→ ABOUT THIS TASK: Set down, word for word, each line from the top of the data through the line that has "[0:00.0-0:12.0]"; omit every picture.

→ SOURCE RECORDS:
....
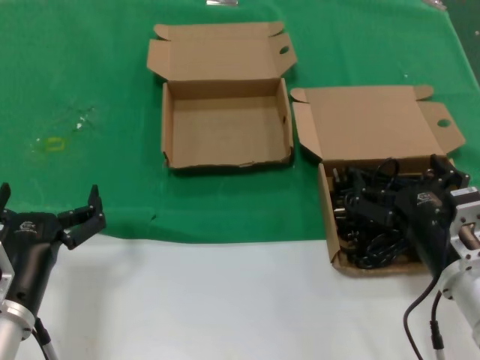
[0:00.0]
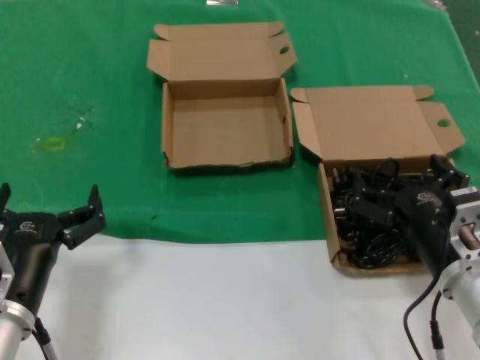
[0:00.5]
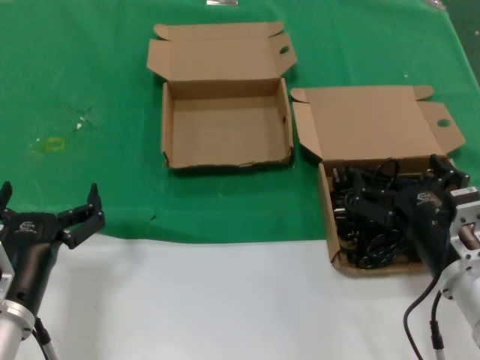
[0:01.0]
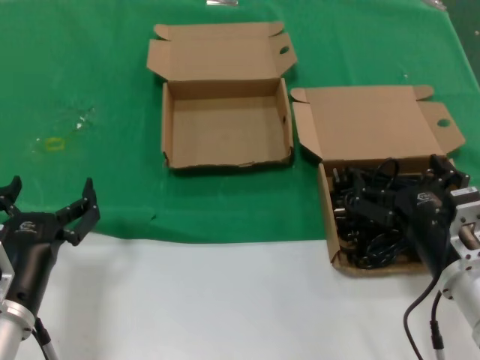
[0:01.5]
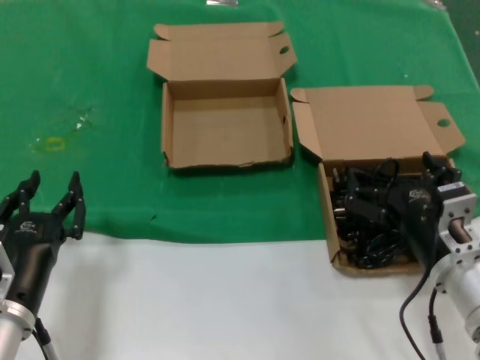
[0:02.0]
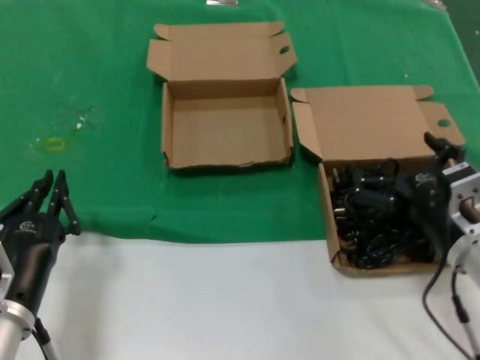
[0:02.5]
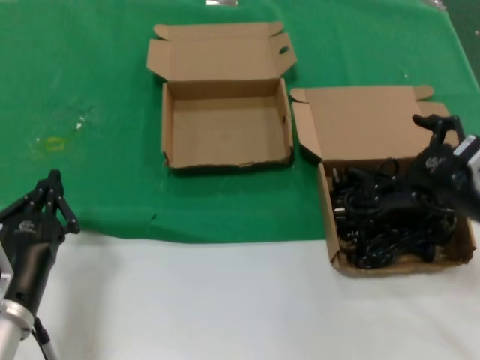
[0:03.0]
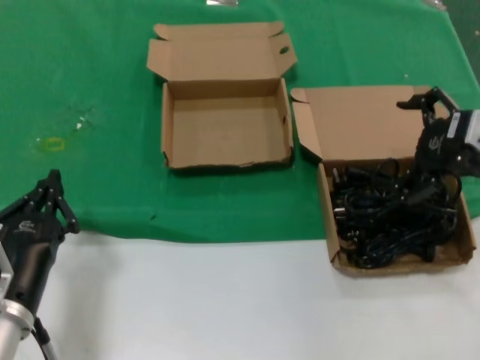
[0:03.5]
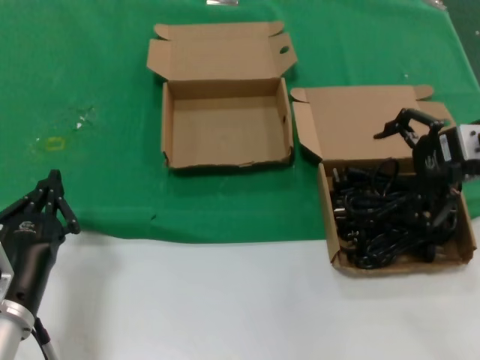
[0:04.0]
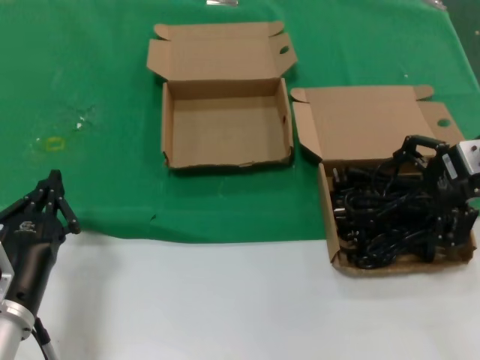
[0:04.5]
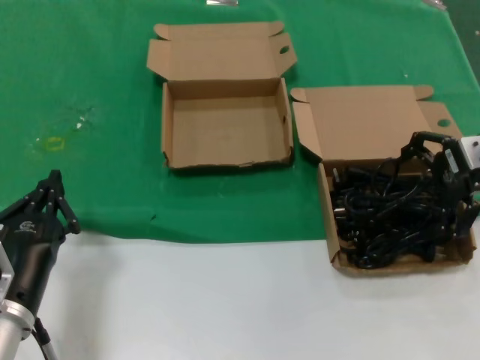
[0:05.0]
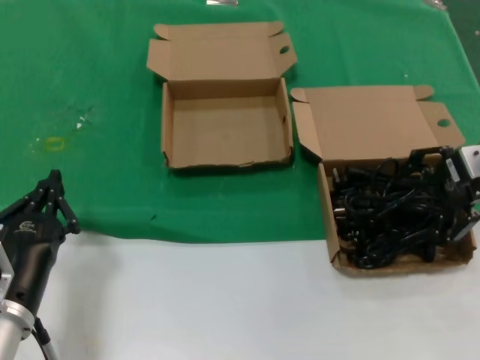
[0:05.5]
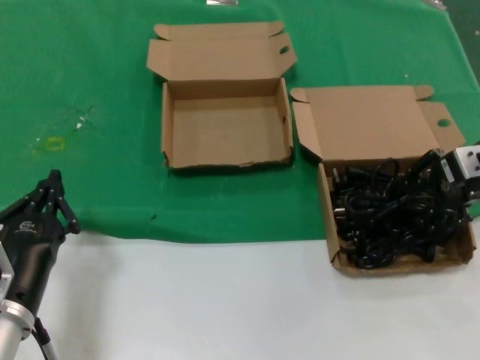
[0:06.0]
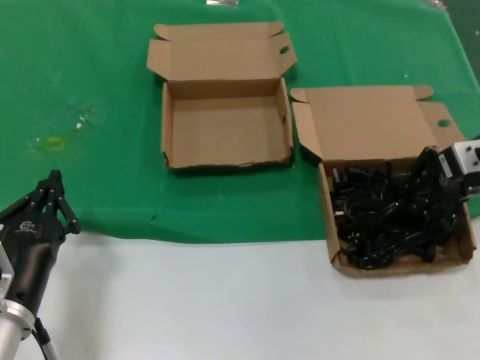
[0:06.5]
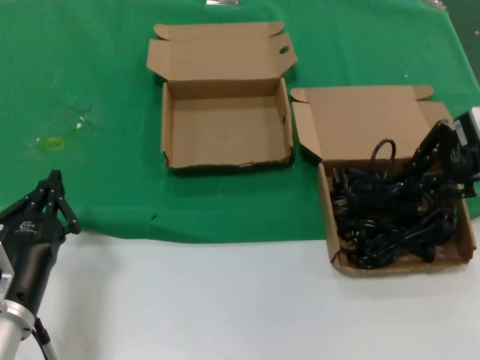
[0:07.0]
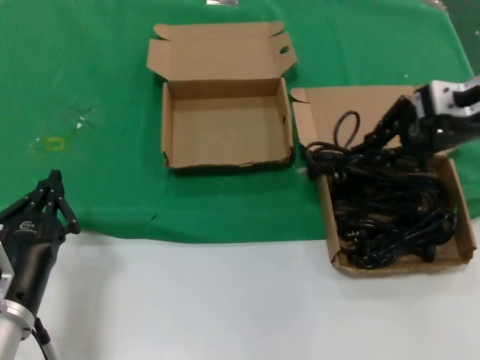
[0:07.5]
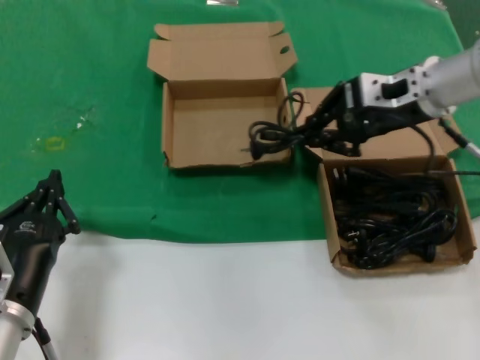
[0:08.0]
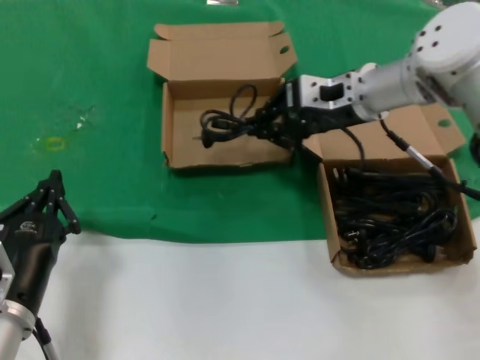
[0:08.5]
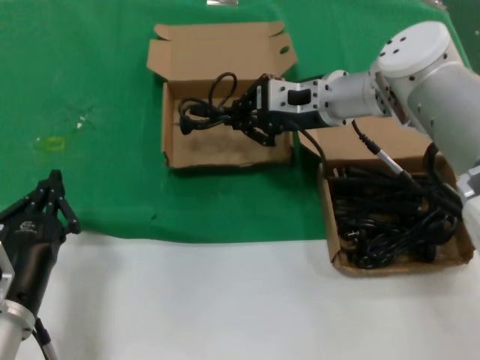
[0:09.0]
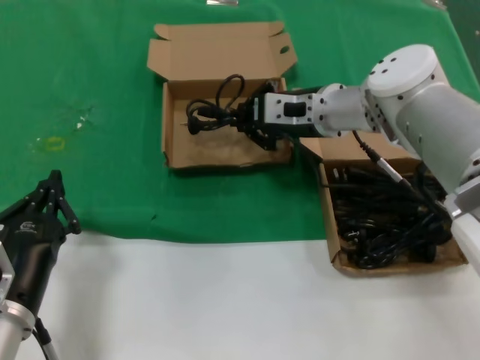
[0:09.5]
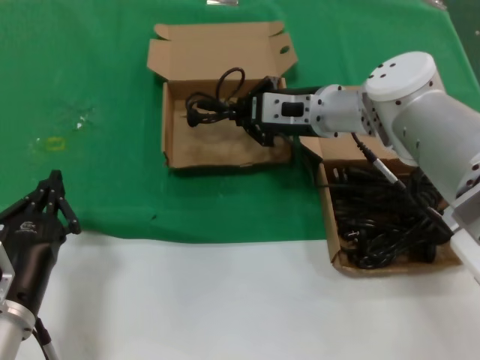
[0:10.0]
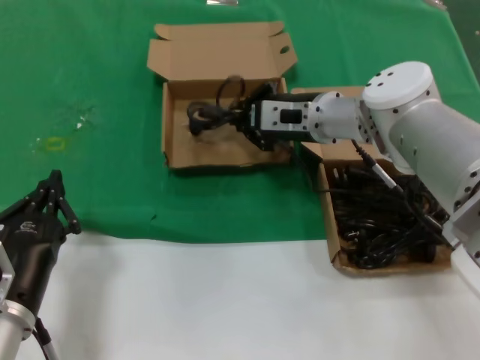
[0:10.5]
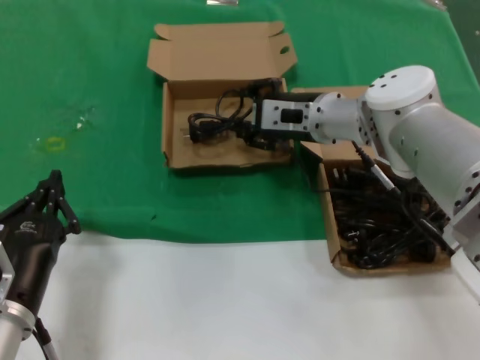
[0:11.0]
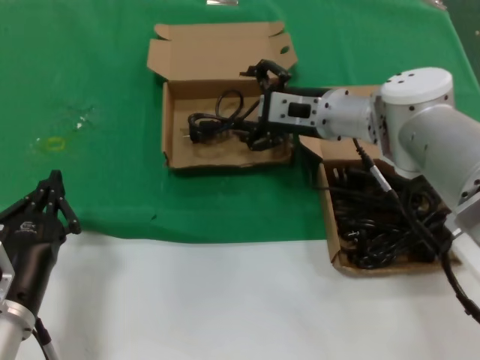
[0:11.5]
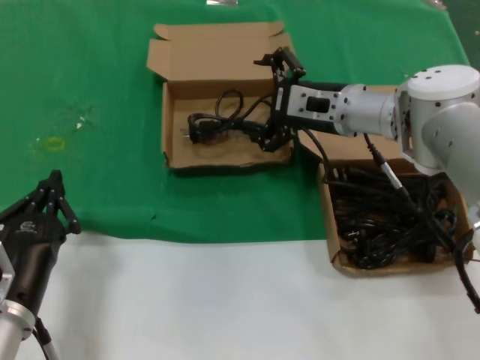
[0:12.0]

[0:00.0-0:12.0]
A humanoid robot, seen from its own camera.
Task of the whole recording: take the parts from the box containing them and put them into an empty box.
Step, 0:00.0 to 0:06.0: Grasp the data cable.
Step, 0:06.5 to 0:10.5: Place the data cable in the another box.
0:00.0 to 0:02.0: Neither hand changes place.
0:02.0 to 0:04.0: The right hand moves upward, forward and to the right, roughly 25 cm.
0:04.0 to 0:06.0: The hands stay close to where they were, moving slightly.
0:06.0 to 0:08.0: The right hand goes approximately 10 cm to the left.
0:08.0 to 0:10.0: The right hand is displaced to the left and downward by about 15 cm.
0:10.0 to 0:12.0: The hands stay close to where they were, moving slightly.
....
→ YOUR RESPONSE:
[0:00.0]
[0:00.5]
[0:01.0]
[0:01.5]
[0:02.0]
[0:02.5]
[0:03.0]
[0:03.5]
[0:04.0]
[0:04.5]
[0:05.0]
[0:05.5]
[0:06.0]
[0:06.5]
[0:07.0]
[0:07.5]
[0:08.0]
[0:08.5]
[0:09.0]
[0:09.5]
[0:10.0]
[0:10.5]
[0:11.0]
[0:11.5]
[0:12.0]

[0:00.0-0:12.0]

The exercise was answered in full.